Dammit, is there no where this credit housing bubble hasn’t touched? >_
Dammit, is there no where this credit housing bubble hasn’t touched?
well, probably Germany … they had their own black hole to suck up all the easy money.
a bit more on the Australian scene
http://www.abc.net.au/worldtoday/content/2006/s1718206.htm
“He also said that if you look at the pattern of past recessions in Australia, they have almost always accompanied a global downturn, and essentially been precipitated by a serious failing in the wider world economy.”
Well, then, no worries, mate! The world economy is just grand, with no storm clouds on the horiz…
I hope the Aussies save more than the Americans do, because there’s going to be some belt-tightening.
>been precipitated by a serious failing in the wider world economy
This Australia slump started in 2003, right? During the “deflation scare”? My point is that people here are reading too much into this; Australia is a LAGGING indicator, not a LEADING indicator.
Watch commodity prices - Australia is more dependent on them than your typical first world nation.
Australia was a few months ahead of the rest of the world going into the early 90s recession, it was hit hard by the slowdown in Japan.
I think they still have some residual momentum for now from the flush high commodity prices of recent years.
Goverment debt is quite low but last I heard the personal savings rate was at US-like levels, pretty anemic.
Dont forget Australia market start to decline when govement imposed
fines on baring RE agents from the Industry on
dummy bids …
BTW- They were using Australia as example of Soft Landing last 2-3 months. Good example of Hardlanding down the road IMHO!
http://au.pfinance.yahoo.com/021011/1/26n.html
Victoria: Big fines for dummy bids
ADVERTISEMENT
New legislation to be introduced into Victorian Parliament today will provide for $24,000 fines for people engaging in dummy bidding at property auctions.

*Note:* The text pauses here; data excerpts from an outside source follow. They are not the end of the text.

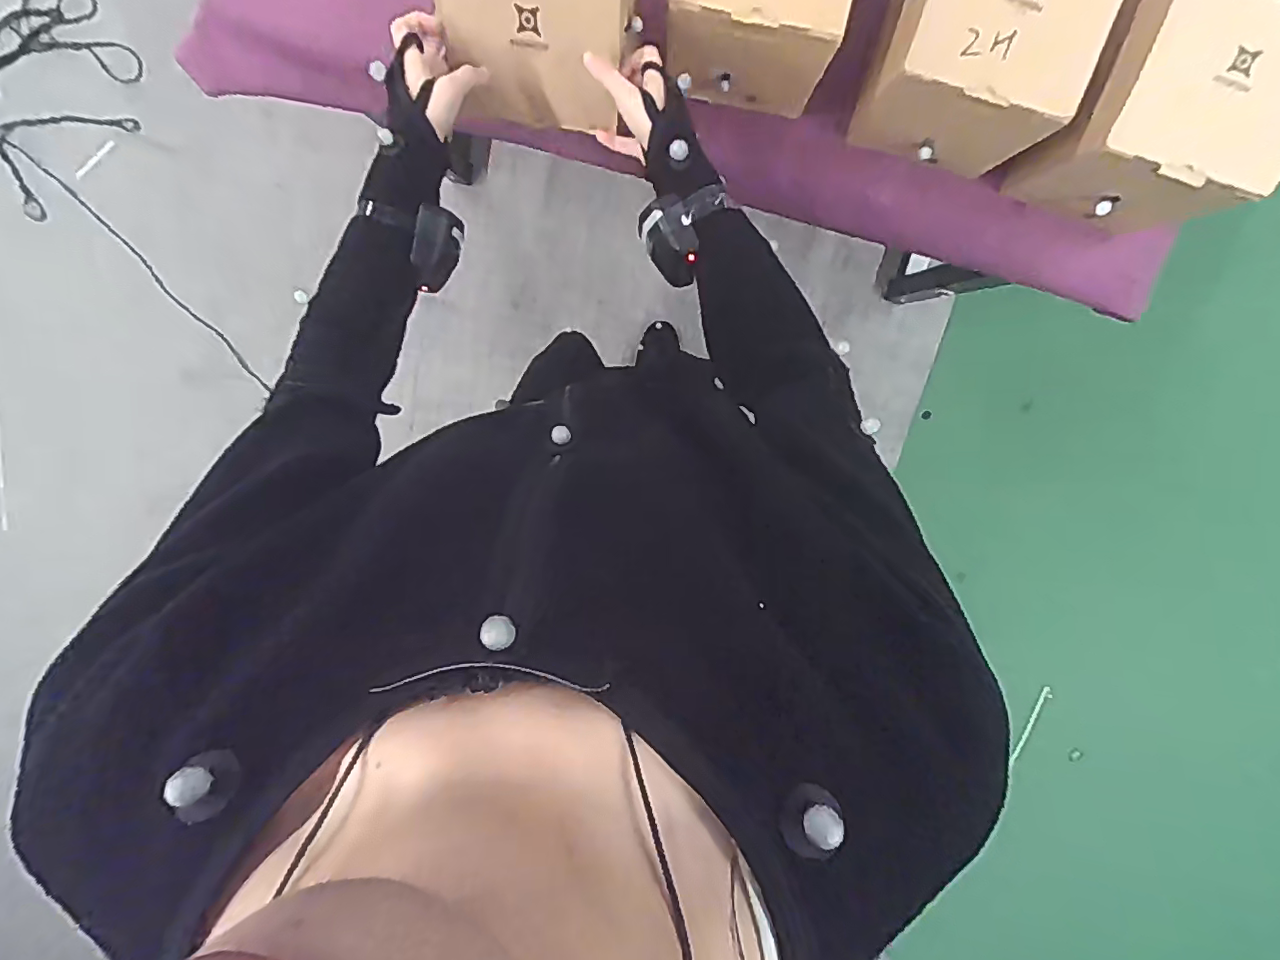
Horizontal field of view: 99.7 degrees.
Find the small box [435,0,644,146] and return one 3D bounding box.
[{"bbox_3d":[-0.085,-0.466,0.517,0.168,0.179,0.176,9,62,0],"label":"small box"}]
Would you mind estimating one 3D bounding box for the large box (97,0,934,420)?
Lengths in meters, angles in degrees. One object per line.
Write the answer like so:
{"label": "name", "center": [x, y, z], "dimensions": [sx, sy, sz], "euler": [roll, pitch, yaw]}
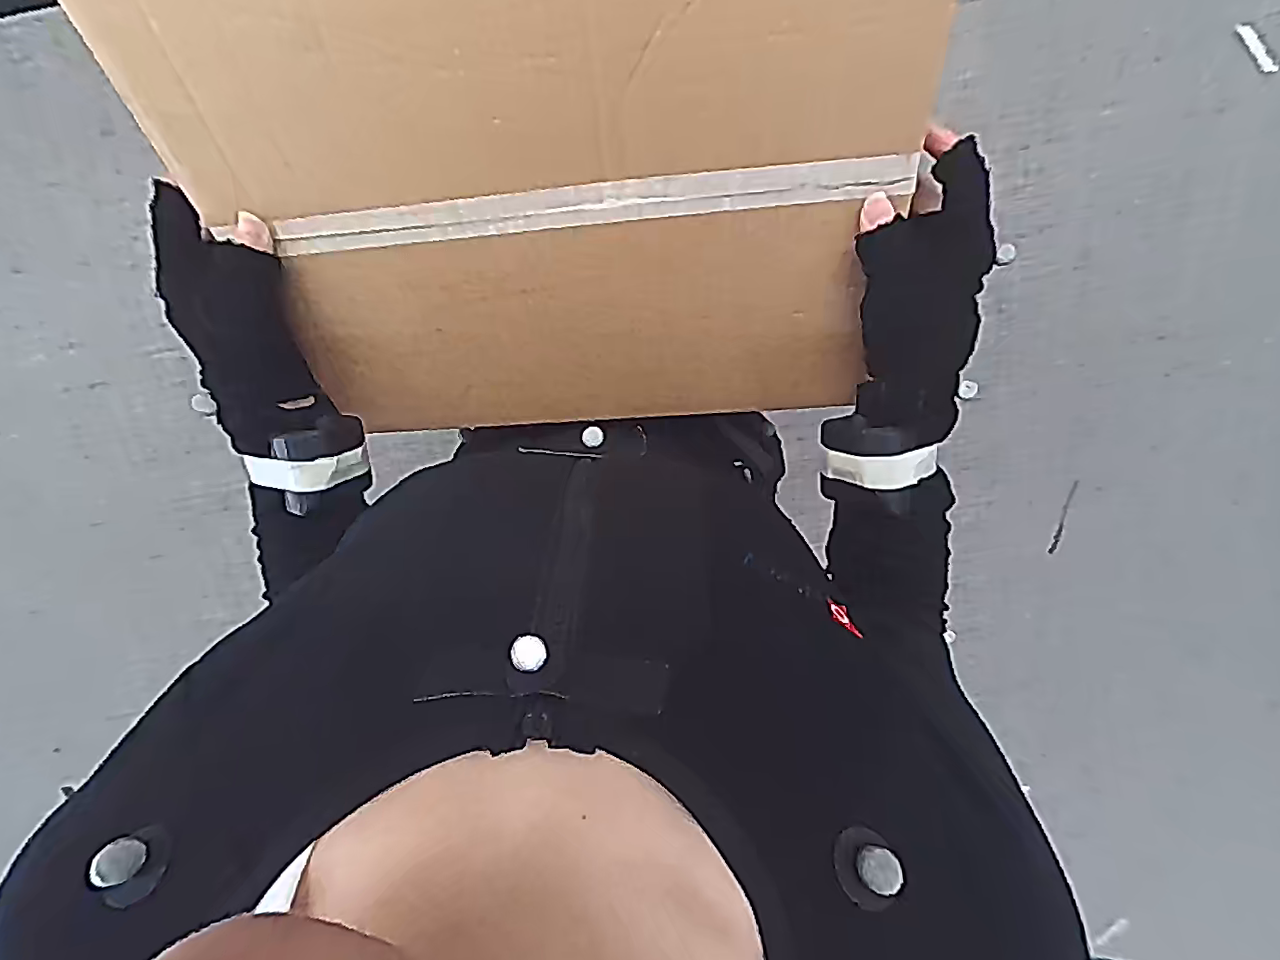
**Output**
{"label": "large box", "center": [-0.050, -0.272, 0.421], "dimensions": [0.408, 0.320, 0.320], "euler": [-3, 137, 5]}
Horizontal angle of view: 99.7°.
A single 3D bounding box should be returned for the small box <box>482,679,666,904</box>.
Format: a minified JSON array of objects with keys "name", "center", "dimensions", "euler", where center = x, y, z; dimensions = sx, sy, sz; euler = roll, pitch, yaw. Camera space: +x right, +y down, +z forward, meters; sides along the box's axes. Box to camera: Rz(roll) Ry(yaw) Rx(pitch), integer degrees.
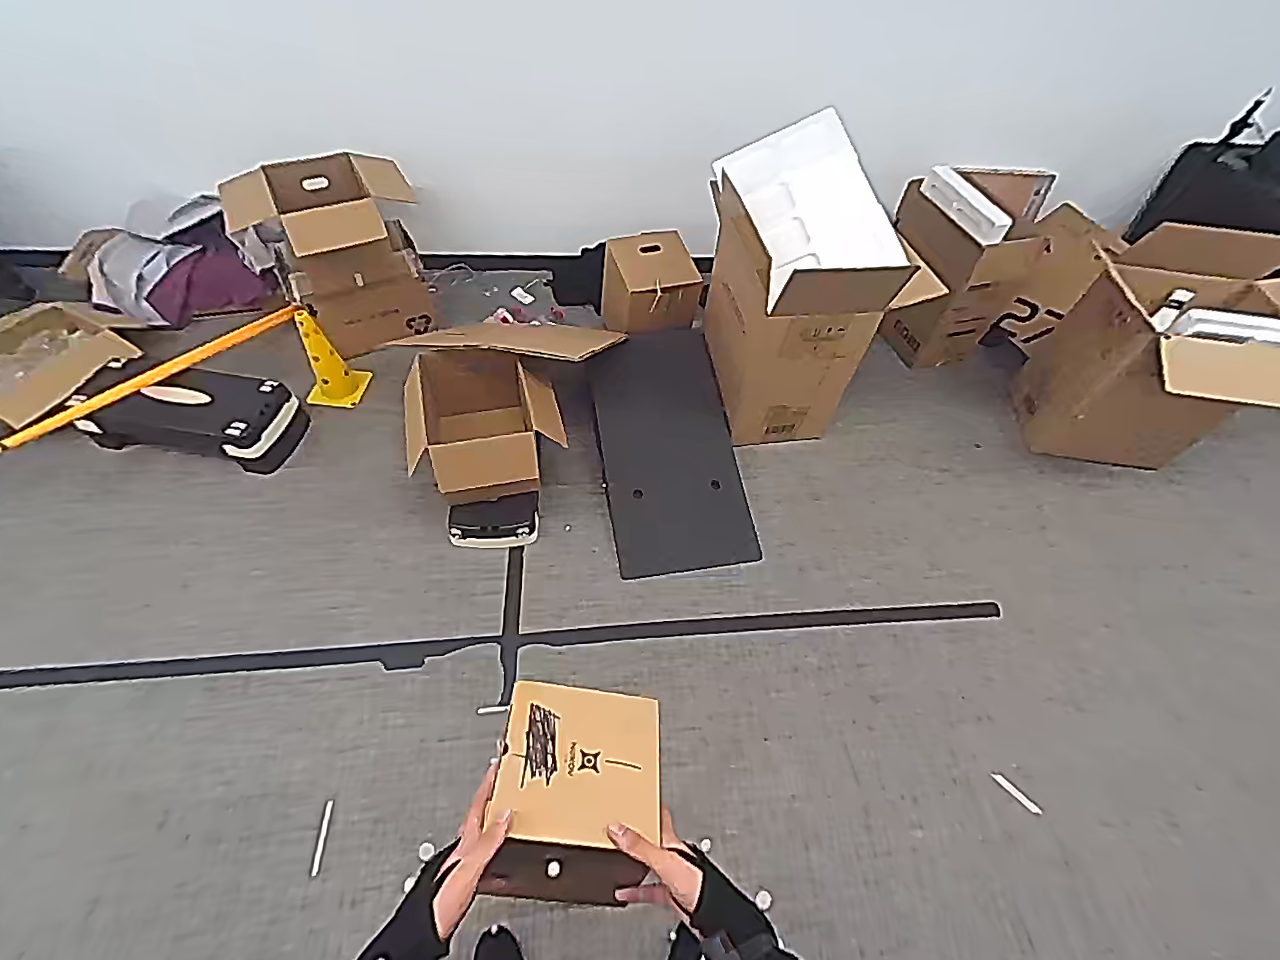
[{"name":"small box","center":[-0.075,0.358,0.620],"dimensions":[0.179,0.176,0.168],"euler":[11,36,-7]}]
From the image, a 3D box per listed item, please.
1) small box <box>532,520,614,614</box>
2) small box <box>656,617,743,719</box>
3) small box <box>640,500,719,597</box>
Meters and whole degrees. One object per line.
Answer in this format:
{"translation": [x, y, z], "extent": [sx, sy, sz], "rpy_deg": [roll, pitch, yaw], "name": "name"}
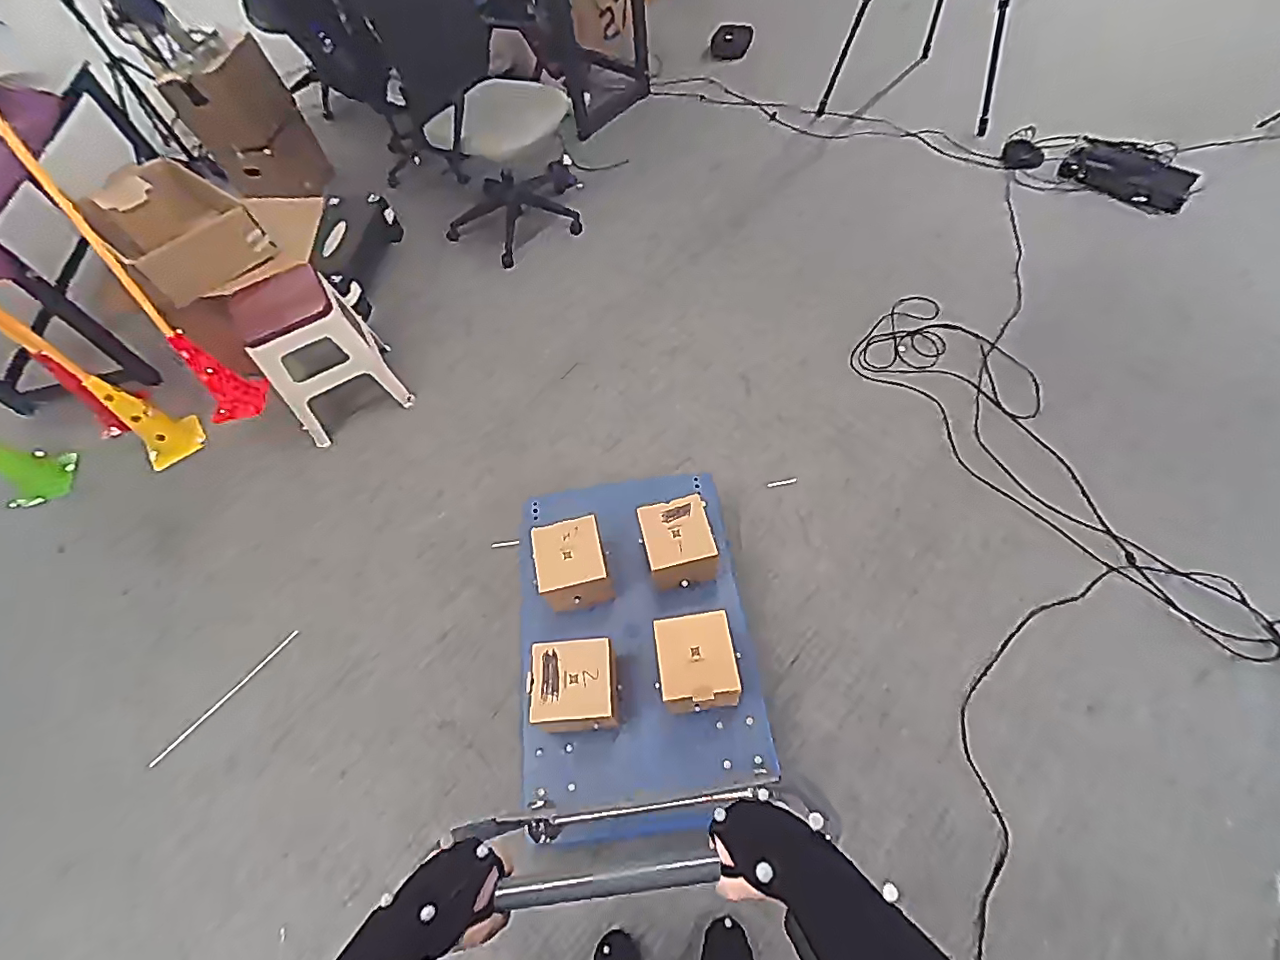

Real estate firms will face fines of up to $60,000 if their agents accept dummy bids, or $20,000 fines if they’re involved in overquoting or underquoting. The auctioneer will also be required to state when the vendor’s reserve price has been reached during an auction.
Agents and vendors will be required to agree on realistic prices prior to auctions and agents won’t be permitted to advertise properties below the prices stated in the sale contracts. The Department of Consumer Affairs will be notified if an agent regularly sells properties above contract of sale prices.